I have seen similar corrosion where steel fasteners touch aluminum.
 

jscarl

New Member
When aluminum wireing was first allowed in homes, there was a warning issued about this same thing. It was required that you squeeze a small amount of a thick liquid on the aluminum wire and then go ahead and connect to the copper wires and leads. I cannot remember the name of the liquid. But i can remember using it when i built my home. Maby i had better open the box and take a good look. Thanks for the heads up.
 

andy

New Member
Can you find out how the aluminium skins are processed when applying the colour coat?

From the pictures you posted it looks like the aluminium has been wet sprayed without using a good quality etch primer- I've seen the same kind of paint lift on aluminium before- it was caused by some dumb dumb priming the bare aluminium with bog standard automotive primer- which simply doesn't work.

Aluminium is a bugger to paint and nothing will adhere long term unless the right etching process has been used as a first step to painting or powder coating.
 

Larry L

New Member
Can you find out how the aluminium skins are processed when applying the colour coat?

From the pictures you posted it looks like the aluminium has been wet sprayed without using a good quality etch primer- I've seen the same kind of paint lift on aluminium before- it was caused by some dumb dumb priming the bare aluminium with bog standard automotive primer- which simply doesn't work.

Aluminium is a bugger to paint and nothing will adhere long term unless the right etching process has been used as a first step to painting or powder coating.

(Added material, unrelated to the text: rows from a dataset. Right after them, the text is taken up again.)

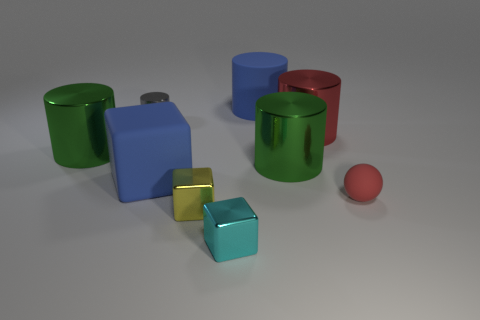Subtract all purple cylinders. Subtract all cyan cubes. How many cylinders are left? 5 Subtract all cylinders. How many objects are left? 4 Add 3 gray metallic objects. How many gray metallic objects exist? 4 Subtract 0 yellow spheres. How many objects are left? 9 Subtract all tiny rubber things. Subtract all cyan shiny things. How many objects are left? 7 Add 2 cyan shiny blocks. How many cyan shiny blocks are left? 3 
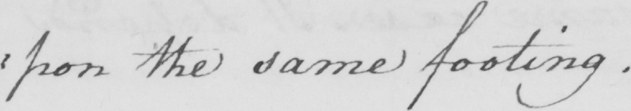What is written in this line of handwriting? :pon the same footing. 
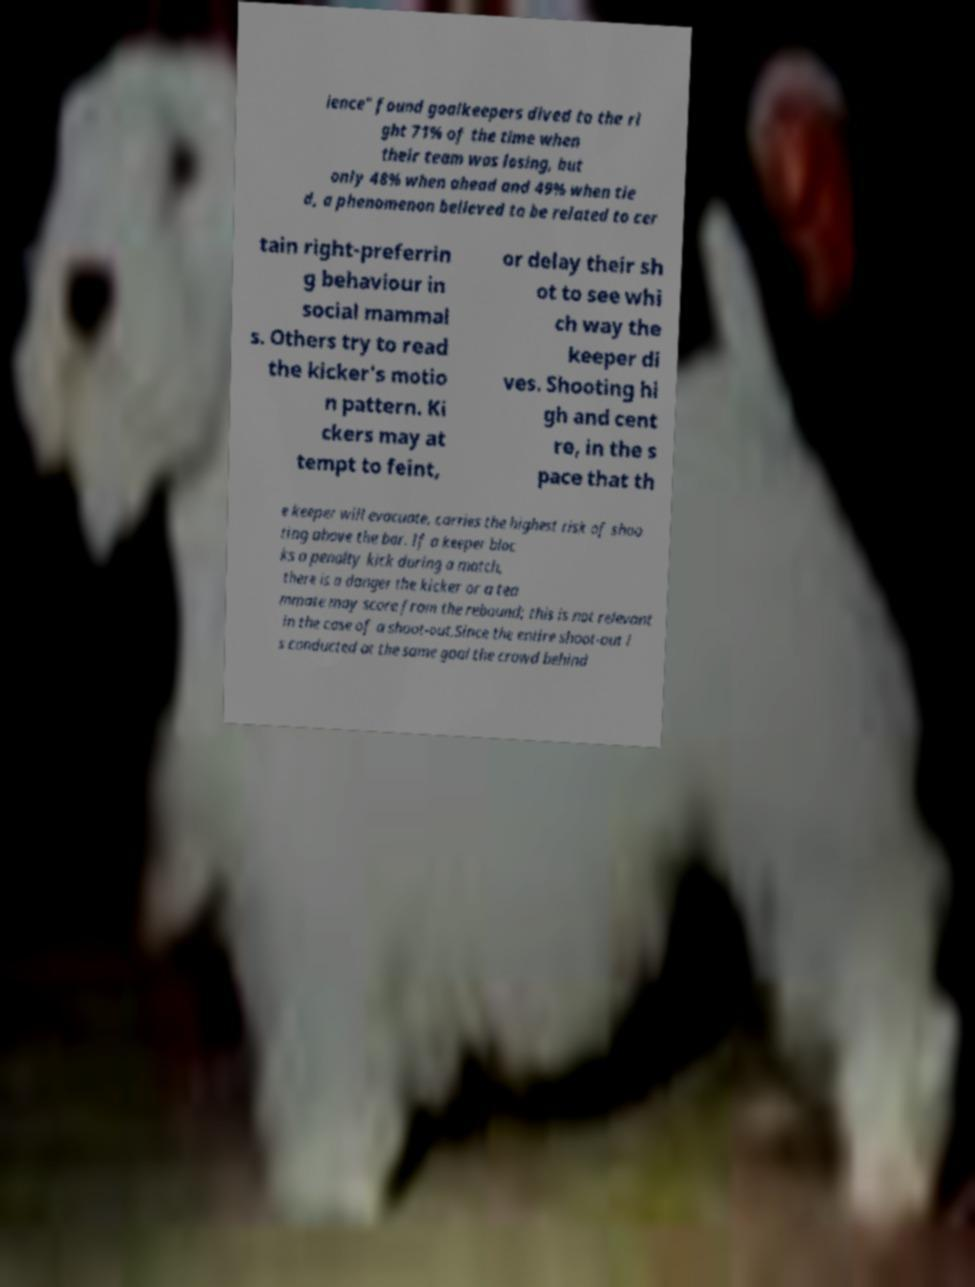For documentation purposes, I need the text within this image transcribed. Could you provide that? ience" found goalkeepers dived to the ri ght 71% of the time when their team was losing, but only 48% when ahead and 49% when tie d, a phenomenon believed to be related to cer tain right-preferrin g behaviour in social mammal s. Others try to read the kicker's motio n pattern. Ki ckers may at tempt to feint, or delay their sh ot to see whi ch way the keeper di ves. Shooting hi gh and cent re, in the s pace that th e keeper will evacuate, carries the highest risk of shoo ting above the bar. If a keeper bloc ks a penalty kick during a match, there is a danger the kicker or a tea mmate may score from the rebound; this is not relevant in the case of a shoot-out.Since the entire shoot-out i s conducted at the same goal the crowd behind 
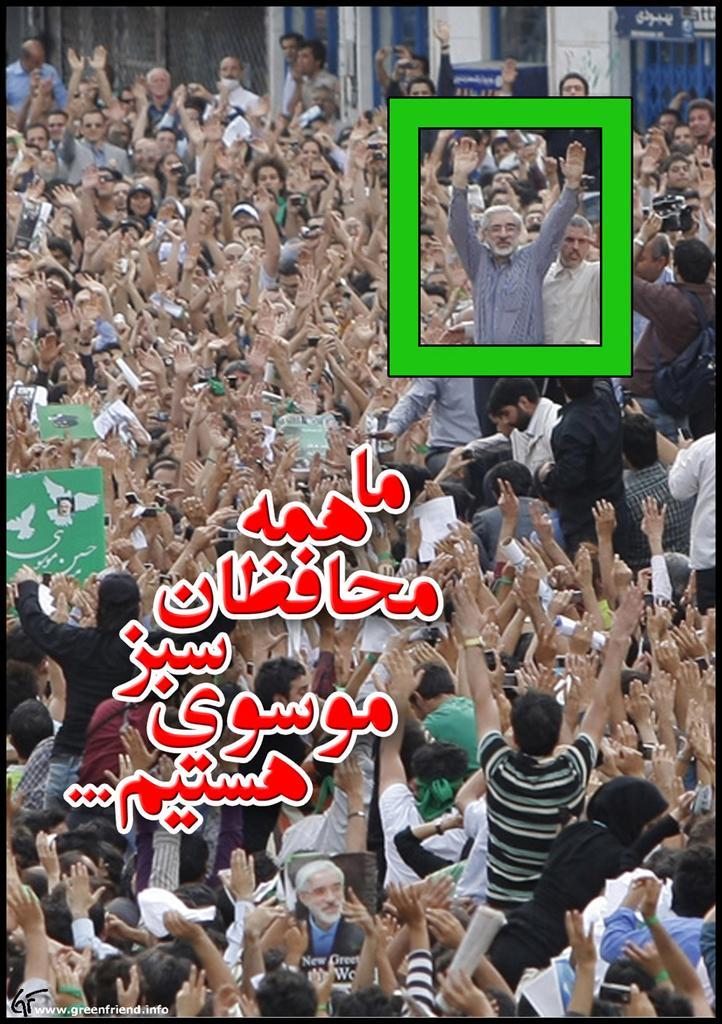How would you summarize this image in a sentence or two? In this image there are group of people standing with hands up behind them there is a building and also there is some text. 
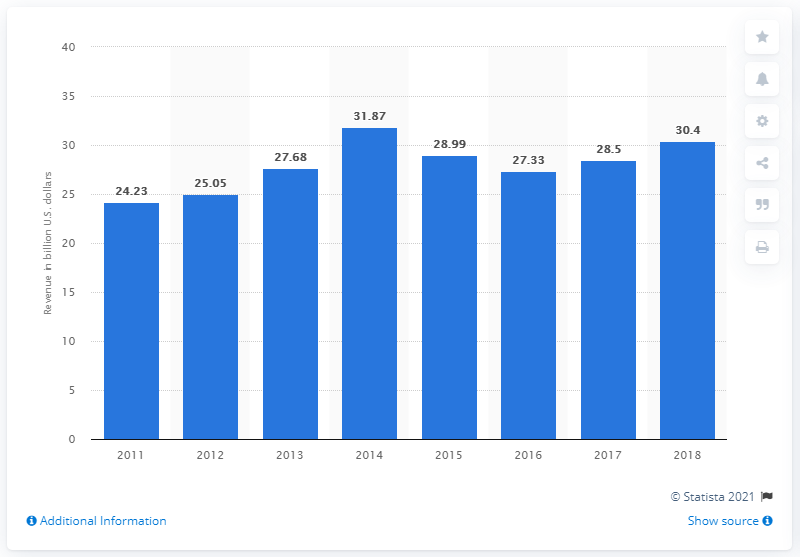List a handful of essential elements in this visual. In the prior fiscal year, 21st Century Fox's revenue was $28.5 million. In the fiscal years 2017-2018, 21st Century Fox generated a total revenue of 58.9 billion dollars. In 2014, 21st Century Fox generated the highest revenue among all the years it has been in operation. In 2018, 21st Century Fox generated a total revenue of 30.4 billion US dollars. 
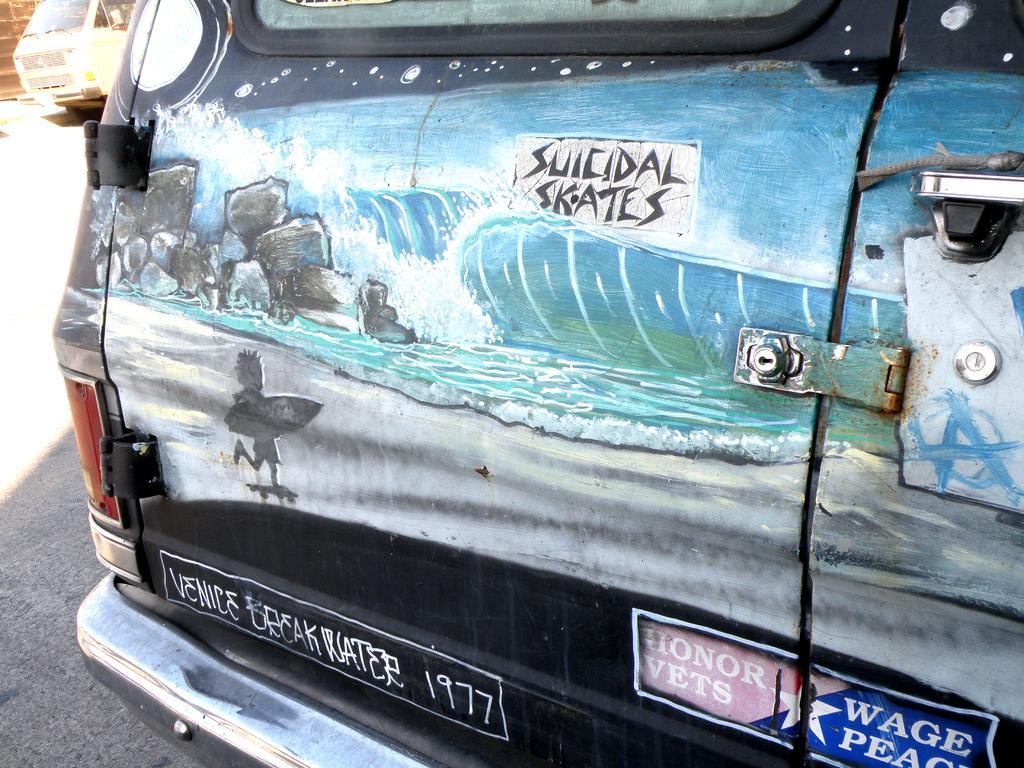Please provide a concise description of this image. In this image there is a vehicle parked, in the background there is a vehicle and a wall. 
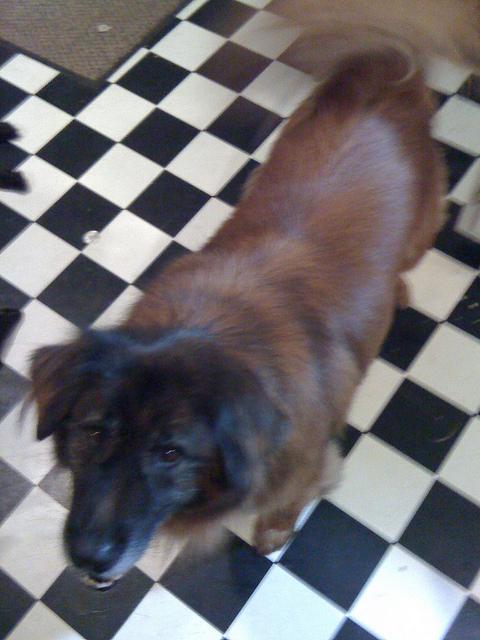Does the snout match the body?
Concise answer only. No. Is this a giant chessboard?
Concise answer only. No. What kind of dog is this?
Write a very short answer. Mutt. 
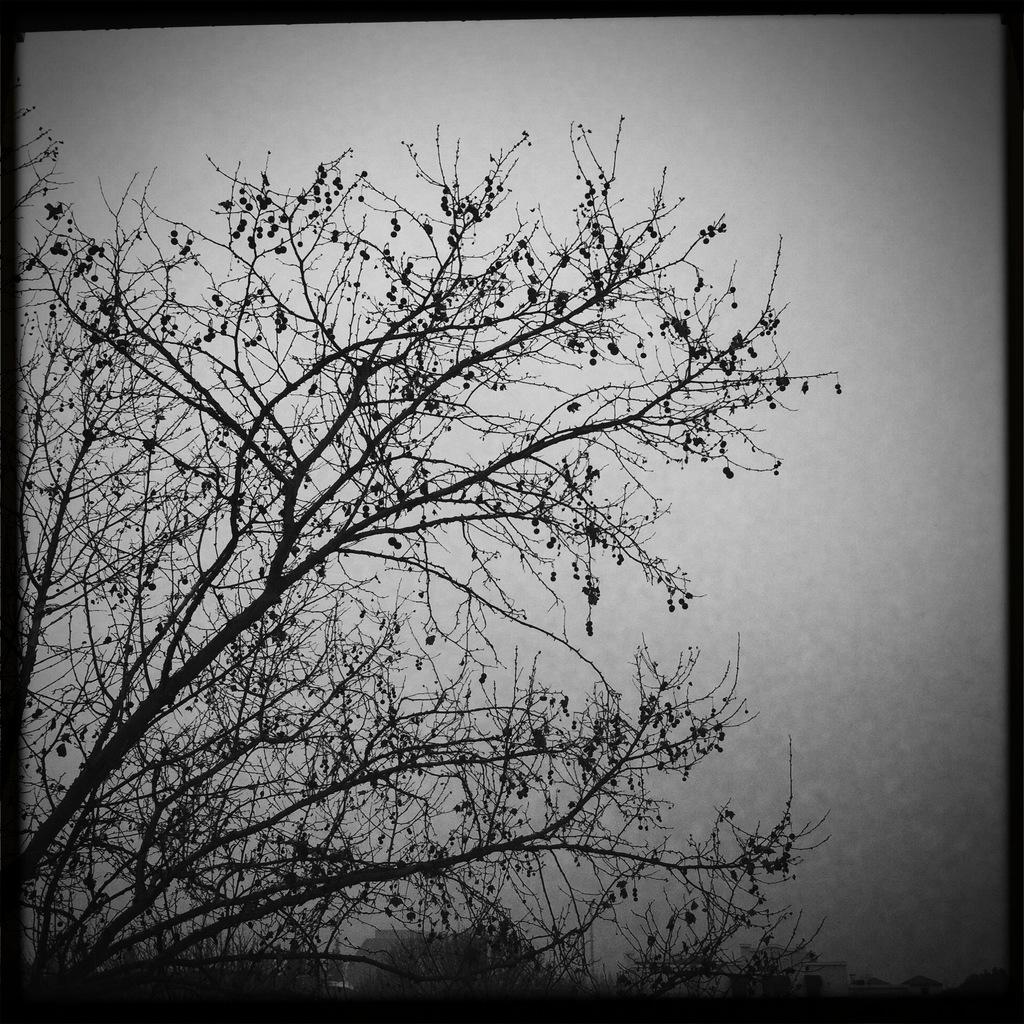What is the main object in the picture? There is a tree in the picture. What part of the tree is visible in the picture? Tree branches are visible in the picture. What can be seen in the background of the image? The background of the image is plain. Can you tell me how many times the wrench is used to touch the tree in the image? There is no wrench present in the image, and therefore no such interaction can be observed.

I used Laminators' luster board. I also had Alumilite erode away.
It is the copper that makes an electric pull on the aluminum. The paint has nothing to do with it since the bare edges were touching the copper in the wood.
 

Larry L

New Member
I'm surprised Laminators/ Nudo, do not put warnings about this. I remember to Avery A8 catastrophe, I had 5 rolls of different colors go bad. They did not warn anybody about it after they knew they screwed up and the material was being used. My distributor also was told to be quite about it, in the mean time were putting crap on all sorts of stuff telling our customers we are using the good stuff. :omg: I know I was hurt by it and was ready to just use calender. I told them you have no problem sending me e mails of what to buy all the time, but not a word of warning. Ya, I was mad about it.
 

digitalwoodshop

New Member
I was working at a local lumber yard when the change over took place and a lot of the old timers just did not believe the bunk about not using steel nails, lag screws and bolts with the new treated. There will be more than a few pressure treated steps dropping through with a person riding it soon...

Home stores sell a 1/8 inch thick rubber with a glue and release paper on the back that can be fabricated to the aluminum sheeting to give some degree of edge protection. It is sold as a 6 inch wide rubber weather proof for windows and doors. It was being used to line double dip galvanized hardware like U shaped wood hangers.

The minimum protection is double dip galvanized but more and more everyone is shifting to stainless steel hardware.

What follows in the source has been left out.